» **TASK OBJECTIVE**: Reproduce the following records exactly from the line containing "maker's years: 1788-1853" onward, ending with the last line and including it.

» **INFORMATION PROVIDED**:
>>>

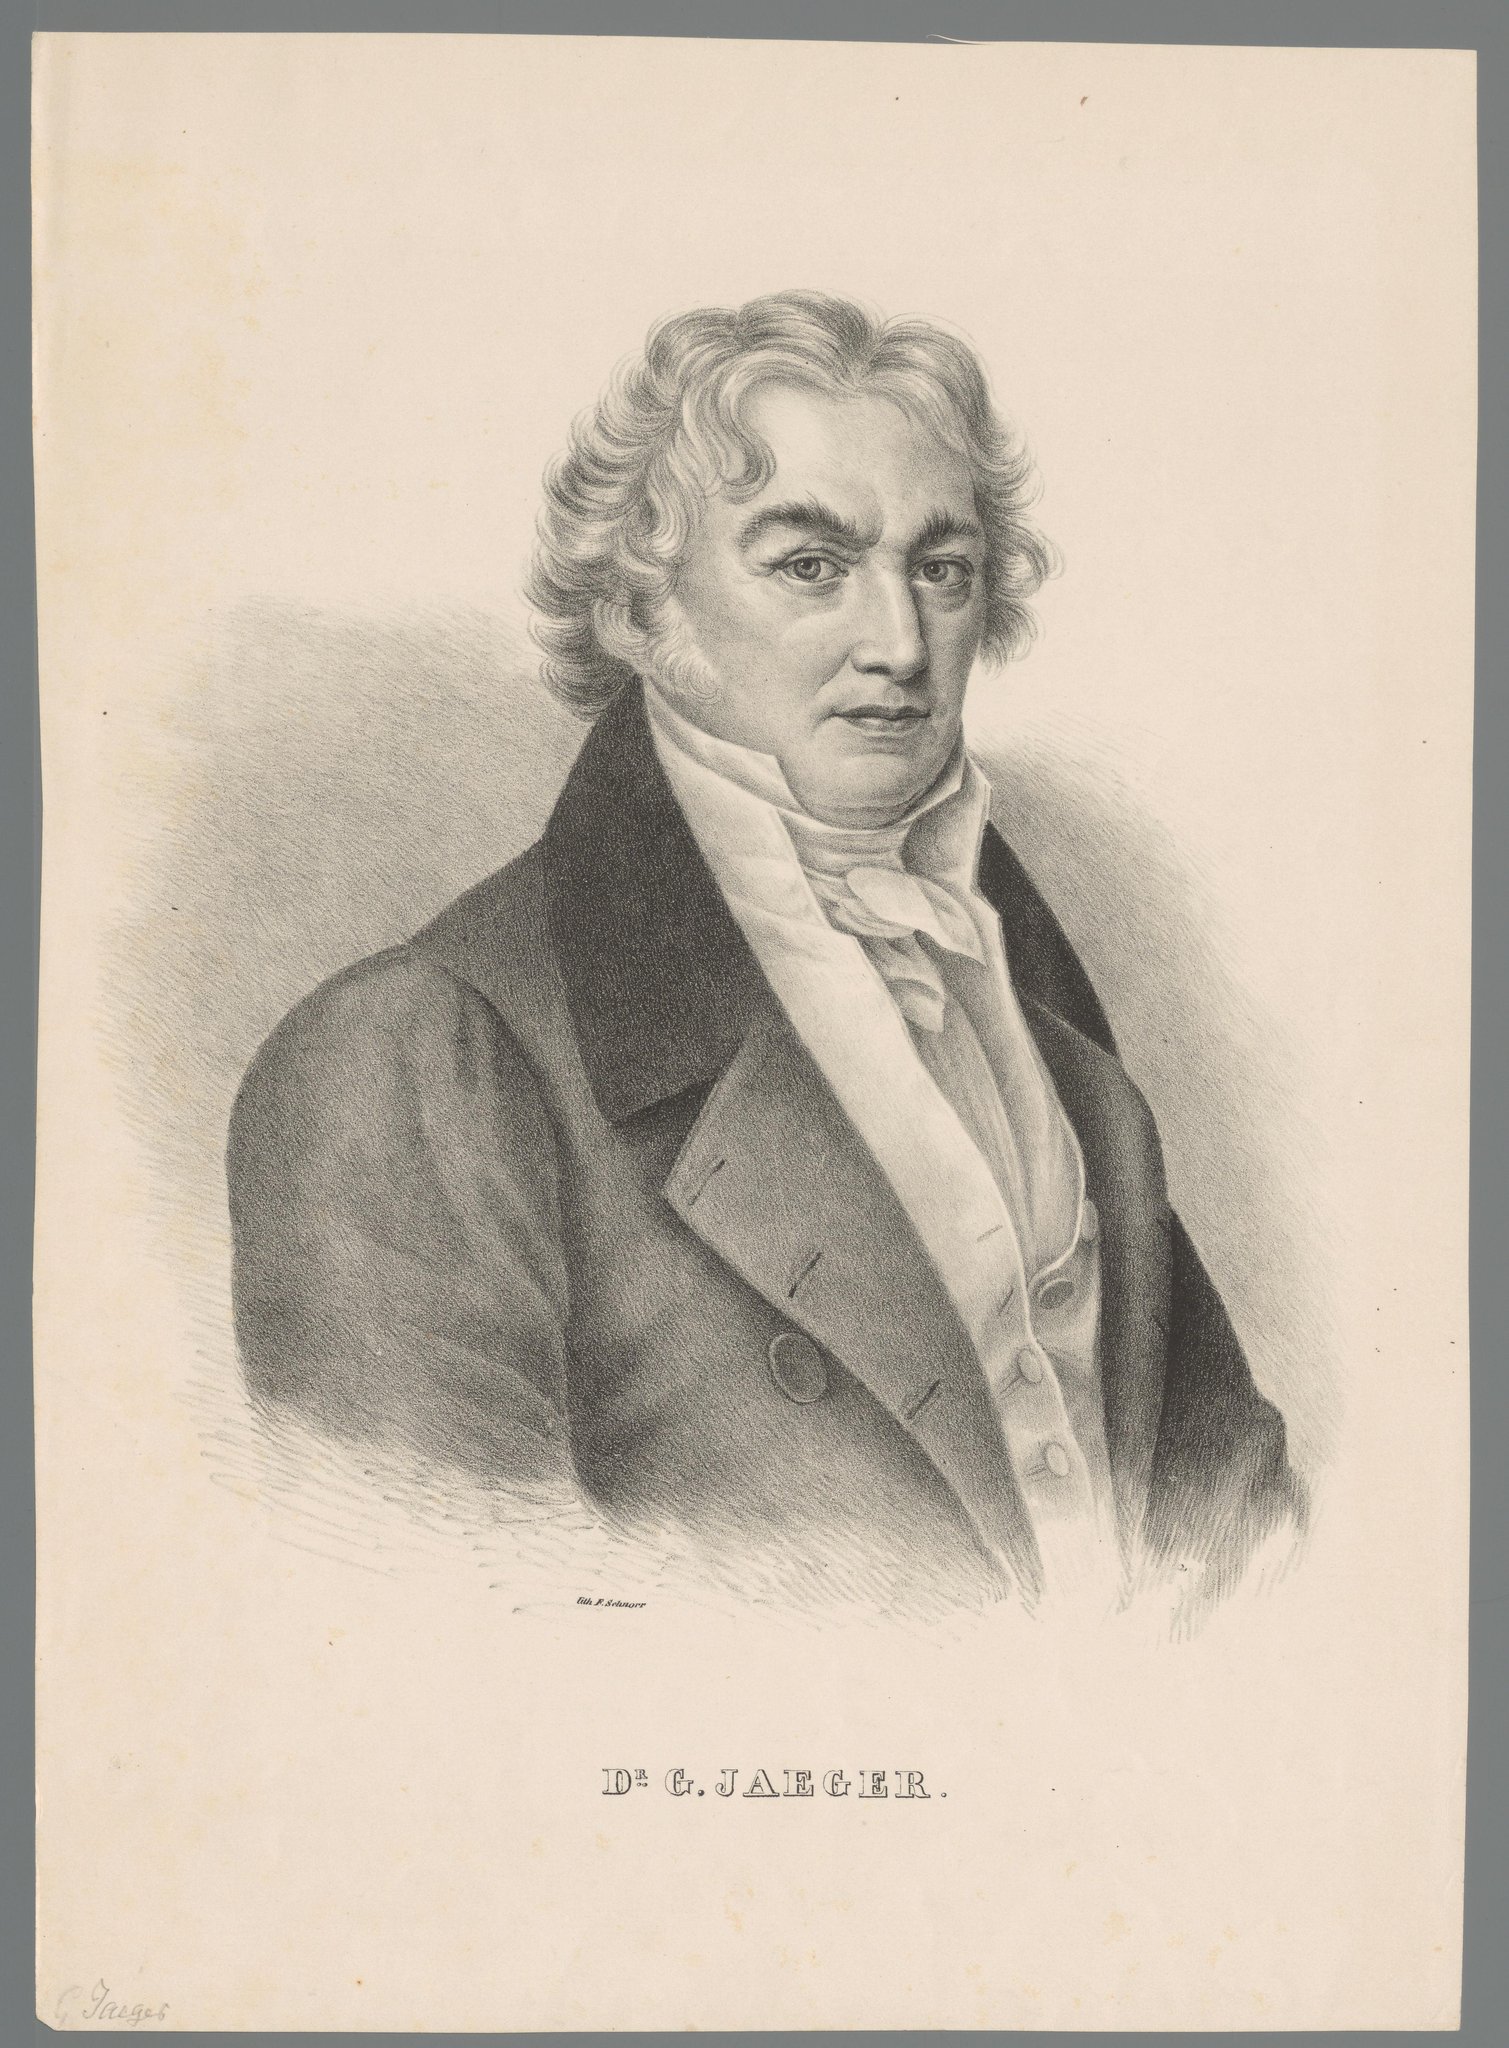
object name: print
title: Portret van G. Jaeger
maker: ludwig ferdinand schnorr von carolsfeld
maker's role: print maker
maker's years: 1788-1853
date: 1810-1853
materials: paper
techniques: lithograph
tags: historical persons not known by name
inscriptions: collector's mark: Lugt 2228
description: Portret van een verder onbekende man, met de naam G. Jaeger.

<<<

» **YOUR SOLUTION**:
maker's years: 1788-1853
date: 1810-1853
materials: paper
techniques: lithograph
tags: historical persons not known by name
inscriptions: collector's mark: Lugt 2228
description: Portret van een verder onbekende man, met de naam G. Jaeger.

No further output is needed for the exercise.